● EXTRACTED RECORDS:
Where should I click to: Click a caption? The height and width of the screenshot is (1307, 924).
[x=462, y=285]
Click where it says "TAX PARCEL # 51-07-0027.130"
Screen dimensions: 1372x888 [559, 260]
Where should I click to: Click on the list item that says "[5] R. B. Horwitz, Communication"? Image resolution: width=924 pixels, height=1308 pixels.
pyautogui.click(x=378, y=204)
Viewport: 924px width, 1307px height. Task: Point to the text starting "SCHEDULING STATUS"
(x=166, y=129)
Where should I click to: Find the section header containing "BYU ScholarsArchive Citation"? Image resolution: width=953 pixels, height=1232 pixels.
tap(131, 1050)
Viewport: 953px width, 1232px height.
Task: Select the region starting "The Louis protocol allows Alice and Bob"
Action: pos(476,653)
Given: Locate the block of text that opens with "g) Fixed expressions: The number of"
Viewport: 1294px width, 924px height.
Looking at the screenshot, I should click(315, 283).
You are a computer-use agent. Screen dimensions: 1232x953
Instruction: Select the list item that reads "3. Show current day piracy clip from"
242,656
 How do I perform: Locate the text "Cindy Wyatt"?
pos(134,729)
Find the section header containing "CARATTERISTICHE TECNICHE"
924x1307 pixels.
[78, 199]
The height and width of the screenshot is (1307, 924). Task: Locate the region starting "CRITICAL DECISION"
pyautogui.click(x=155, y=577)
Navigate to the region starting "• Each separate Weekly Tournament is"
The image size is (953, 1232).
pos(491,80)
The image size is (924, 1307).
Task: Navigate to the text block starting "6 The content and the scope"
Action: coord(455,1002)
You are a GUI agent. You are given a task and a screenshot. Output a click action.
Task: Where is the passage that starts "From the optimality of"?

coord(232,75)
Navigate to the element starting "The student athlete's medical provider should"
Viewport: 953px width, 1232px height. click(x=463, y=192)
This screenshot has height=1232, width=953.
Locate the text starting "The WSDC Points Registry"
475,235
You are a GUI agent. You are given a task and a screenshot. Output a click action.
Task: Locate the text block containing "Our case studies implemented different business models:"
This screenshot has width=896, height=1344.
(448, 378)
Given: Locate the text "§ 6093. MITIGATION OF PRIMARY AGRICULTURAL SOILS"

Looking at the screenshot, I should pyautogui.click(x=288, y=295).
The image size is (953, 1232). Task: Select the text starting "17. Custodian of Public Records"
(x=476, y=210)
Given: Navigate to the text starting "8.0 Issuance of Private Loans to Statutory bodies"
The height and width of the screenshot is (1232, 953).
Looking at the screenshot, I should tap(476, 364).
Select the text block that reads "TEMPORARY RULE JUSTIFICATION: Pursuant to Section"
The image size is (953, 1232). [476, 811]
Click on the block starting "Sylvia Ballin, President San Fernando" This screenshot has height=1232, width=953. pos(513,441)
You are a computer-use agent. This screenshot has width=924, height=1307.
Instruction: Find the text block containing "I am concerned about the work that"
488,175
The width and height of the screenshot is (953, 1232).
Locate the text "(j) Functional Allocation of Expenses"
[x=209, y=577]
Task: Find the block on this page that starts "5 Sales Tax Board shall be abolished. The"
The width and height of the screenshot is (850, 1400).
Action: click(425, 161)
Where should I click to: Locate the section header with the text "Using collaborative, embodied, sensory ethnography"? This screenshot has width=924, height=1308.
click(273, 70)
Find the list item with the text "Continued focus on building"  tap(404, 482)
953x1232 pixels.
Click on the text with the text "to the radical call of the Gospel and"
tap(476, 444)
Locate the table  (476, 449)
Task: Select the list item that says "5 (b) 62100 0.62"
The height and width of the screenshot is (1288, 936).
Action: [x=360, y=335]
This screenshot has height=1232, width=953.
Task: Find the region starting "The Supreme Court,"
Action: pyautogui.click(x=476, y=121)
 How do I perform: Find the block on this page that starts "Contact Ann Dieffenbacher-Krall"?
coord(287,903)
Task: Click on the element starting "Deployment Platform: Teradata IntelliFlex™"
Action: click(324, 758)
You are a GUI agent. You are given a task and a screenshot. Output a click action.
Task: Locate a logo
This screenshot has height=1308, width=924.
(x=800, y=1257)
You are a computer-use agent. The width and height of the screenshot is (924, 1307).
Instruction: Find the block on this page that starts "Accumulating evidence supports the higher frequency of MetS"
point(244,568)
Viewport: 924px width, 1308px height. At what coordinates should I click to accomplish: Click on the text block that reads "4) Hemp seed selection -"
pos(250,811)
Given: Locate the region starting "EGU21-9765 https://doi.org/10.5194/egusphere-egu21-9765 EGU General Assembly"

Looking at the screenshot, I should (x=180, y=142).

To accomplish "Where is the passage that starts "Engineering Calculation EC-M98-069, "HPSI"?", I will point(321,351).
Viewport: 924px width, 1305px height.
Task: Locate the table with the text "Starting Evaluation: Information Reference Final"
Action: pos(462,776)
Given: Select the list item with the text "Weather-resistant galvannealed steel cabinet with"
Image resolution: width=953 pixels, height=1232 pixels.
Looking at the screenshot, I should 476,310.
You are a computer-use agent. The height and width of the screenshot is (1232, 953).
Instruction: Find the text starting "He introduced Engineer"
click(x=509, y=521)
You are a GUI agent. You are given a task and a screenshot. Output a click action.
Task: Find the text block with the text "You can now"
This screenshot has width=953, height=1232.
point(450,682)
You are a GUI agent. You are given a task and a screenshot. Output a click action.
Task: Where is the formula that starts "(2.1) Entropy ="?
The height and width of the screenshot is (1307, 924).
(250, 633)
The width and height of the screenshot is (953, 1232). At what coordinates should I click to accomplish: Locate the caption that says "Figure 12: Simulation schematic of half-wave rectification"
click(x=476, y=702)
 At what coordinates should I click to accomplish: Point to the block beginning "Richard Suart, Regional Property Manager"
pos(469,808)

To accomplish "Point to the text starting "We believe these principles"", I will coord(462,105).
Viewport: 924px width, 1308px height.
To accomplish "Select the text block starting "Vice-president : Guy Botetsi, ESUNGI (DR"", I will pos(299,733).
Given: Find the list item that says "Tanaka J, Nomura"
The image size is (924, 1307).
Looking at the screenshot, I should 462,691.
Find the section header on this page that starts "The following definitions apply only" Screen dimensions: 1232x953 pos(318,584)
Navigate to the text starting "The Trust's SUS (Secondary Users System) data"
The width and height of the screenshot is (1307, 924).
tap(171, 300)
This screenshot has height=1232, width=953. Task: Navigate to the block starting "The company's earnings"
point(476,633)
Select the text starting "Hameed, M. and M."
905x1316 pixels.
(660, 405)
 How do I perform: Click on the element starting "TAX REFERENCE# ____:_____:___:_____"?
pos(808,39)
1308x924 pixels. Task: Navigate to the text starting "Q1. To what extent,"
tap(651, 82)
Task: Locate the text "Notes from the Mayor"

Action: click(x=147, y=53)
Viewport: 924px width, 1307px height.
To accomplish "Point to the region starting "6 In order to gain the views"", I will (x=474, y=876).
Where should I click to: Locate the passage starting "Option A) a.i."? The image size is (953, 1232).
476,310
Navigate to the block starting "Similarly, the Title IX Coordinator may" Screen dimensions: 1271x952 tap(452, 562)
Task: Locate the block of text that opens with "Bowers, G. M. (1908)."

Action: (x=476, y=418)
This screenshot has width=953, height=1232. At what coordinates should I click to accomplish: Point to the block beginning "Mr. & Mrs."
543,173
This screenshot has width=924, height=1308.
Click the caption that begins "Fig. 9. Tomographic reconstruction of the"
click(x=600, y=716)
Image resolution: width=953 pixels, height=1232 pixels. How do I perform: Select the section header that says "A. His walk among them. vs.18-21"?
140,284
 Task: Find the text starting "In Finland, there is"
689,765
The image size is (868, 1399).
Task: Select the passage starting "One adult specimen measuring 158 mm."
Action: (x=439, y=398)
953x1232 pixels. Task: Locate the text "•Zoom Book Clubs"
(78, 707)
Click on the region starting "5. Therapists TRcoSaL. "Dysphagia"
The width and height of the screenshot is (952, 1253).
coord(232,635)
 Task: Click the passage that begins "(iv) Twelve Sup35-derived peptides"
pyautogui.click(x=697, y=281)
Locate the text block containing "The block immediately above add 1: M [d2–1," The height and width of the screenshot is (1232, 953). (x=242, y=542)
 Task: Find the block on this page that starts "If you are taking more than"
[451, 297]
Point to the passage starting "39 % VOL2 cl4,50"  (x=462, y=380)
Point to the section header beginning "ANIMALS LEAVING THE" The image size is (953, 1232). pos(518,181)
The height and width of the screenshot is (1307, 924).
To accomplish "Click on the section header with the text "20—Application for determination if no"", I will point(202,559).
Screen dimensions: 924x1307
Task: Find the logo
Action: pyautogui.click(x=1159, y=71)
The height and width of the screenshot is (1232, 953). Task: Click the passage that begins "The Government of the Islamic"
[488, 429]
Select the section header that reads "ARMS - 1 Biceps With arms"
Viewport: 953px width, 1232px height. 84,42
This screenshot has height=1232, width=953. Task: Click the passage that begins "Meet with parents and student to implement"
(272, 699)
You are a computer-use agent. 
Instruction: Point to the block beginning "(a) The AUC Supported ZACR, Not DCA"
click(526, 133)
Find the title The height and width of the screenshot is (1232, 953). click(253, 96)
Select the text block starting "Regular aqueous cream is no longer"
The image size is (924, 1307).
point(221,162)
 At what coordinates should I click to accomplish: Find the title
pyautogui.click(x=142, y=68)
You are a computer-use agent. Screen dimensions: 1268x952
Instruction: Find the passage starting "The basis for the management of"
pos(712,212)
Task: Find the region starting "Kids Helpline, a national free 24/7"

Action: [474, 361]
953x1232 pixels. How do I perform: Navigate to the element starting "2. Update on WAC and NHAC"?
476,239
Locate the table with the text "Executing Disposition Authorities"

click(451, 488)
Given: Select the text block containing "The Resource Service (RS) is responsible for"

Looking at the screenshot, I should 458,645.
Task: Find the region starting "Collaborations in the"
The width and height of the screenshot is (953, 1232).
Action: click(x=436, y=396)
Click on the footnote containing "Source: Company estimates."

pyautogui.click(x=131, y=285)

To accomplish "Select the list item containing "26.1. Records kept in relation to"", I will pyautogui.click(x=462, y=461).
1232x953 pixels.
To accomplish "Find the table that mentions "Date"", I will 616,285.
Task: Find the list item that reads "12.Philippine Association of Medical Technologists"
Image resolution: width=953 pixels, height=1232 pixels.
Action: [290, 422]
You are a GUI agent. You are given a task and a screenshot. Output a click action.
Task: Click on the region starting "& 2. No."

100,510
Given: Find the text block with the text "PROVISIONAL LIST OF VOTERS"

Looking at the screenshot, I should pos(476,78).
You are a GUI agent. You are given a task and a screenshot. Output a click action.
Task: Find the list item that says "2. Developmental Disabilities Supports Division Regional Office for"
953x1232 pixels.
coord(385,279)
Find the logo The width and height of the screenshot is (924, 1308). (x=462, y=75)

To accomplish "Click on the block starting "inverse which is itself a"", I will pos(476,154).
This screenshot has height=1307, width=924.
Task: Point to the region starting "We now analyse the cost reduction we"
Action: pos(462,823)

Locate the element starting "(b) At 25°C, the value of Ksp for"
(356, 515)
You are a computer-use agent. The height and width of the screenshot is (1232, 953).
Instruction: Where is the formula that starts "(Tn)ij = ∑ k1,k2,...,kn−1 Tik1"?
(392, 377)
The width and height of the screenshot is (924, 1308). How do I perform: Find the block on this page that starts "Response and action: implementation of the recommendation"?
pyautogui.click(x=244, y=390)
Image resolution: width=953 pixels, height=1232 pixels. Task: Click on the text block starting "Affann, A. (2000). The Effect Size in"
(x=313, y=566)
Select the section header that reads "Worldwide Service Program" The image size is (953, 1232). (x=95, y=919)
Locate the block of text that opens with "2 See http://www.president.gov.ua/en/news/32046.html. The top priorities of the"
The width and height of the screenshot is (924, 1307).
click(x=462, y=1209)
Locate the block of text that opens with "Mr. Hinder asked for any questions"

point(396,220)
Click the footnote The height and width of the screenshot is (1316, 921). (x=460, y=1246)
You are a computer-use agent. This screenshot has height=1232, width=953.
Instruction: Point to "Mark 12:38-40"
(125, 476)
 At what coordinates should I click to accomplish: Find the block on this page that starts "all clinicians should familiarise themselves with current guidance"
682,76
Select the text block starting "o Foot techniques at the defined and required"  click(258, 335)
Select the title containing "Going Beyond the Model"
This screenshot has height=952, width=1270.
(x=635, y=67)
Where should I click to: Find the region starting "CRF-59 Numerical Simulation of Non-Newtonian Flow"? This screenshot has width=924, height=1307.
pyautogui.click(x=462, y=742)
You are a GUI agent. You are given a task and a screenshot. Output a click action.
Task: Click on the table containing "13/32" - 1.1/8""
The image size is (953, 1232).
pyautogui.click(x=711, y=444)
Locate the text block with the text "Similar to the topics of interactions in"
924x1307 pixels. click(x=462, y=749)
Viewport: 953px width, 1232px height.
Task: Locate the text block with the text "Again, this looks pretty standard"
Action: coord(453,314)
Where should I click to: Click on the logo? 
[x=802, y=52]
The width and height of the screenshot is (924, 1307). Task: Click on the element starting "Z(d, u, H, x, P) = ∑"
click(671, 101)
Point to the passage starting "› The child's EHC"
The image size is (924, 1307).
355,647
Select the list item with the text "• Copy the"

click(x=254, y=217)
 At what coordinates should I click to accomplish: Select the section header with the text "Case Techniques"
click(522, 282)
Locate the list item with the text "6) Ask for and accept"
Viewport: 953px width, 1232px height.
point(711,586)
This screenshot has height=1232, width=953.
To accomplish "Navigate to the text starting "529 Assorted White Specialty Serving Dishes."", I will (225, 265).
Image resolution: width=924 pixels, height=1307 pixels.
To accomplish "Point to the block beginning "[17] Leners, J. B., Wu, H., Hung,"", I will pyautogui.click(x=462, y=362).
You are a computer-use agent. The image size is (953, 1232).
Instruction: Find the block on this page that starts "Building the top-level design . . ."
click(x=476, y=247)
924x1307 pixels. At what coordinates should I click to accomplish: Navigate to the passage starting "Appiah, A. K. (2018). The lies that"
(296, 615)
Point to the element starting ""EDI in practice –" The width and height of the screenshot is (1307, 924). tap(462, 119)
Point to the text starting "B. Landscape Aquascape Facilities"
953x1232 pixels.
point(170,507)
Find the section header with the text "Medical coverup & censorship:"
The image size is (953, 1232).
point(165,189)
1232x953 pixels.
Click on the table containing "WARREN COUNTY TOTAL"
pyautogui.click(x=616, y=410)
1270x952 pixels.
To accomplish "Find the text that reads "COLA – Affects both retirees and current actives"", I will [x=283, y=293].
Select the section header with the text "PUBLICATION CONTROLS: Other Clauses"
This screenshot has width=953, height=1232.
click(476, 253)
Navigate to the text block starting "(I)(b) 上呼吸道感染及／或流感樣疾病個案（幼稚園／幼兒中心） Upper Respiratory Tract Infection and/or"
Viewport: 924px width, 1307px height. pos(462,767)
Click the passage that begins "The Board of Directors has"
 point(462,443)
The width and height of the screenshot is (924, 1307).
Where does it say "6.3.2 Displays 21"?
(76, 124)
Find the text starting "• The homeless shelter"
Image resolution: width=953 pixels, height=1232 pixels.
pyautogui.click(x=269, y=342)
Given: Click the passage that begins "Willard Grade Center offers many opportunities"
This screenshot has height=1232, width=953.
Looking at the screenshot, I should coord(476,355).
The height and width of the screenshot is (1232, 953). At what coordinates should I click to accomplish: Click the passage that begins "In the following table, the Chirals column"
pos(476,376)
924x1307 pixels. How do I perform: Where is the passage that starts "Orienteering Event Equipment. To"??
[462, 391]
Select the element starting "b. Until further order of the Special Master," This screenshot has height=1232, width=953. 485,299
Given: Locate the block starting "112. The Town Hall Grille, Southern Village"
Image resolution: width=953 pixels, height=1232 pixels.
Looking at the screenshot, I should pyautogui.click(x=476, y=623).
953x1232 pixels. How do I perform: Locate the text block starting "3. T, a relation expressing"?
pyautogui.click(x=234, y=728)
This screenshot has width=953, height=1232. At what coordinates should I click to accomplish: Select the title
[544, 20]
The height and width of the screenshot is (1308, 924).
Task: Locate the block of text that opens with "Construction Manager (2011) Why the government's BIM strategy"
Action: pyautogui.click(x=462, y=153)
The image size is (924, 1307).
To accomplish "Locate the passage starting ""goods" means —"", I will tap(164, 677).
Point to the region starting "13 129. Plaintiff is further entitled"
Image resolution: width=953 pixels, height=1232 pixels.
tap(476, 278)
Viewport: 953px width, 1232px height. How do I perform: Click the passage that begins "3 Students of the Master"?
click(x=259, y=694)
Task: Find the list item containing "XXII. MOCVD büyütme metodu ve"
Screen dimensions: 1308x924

● PROBLEM:
Report the number of lines in the entries where the word "computer" occurs, and add nothing else.

● RESPONSE TO THE TASK:
9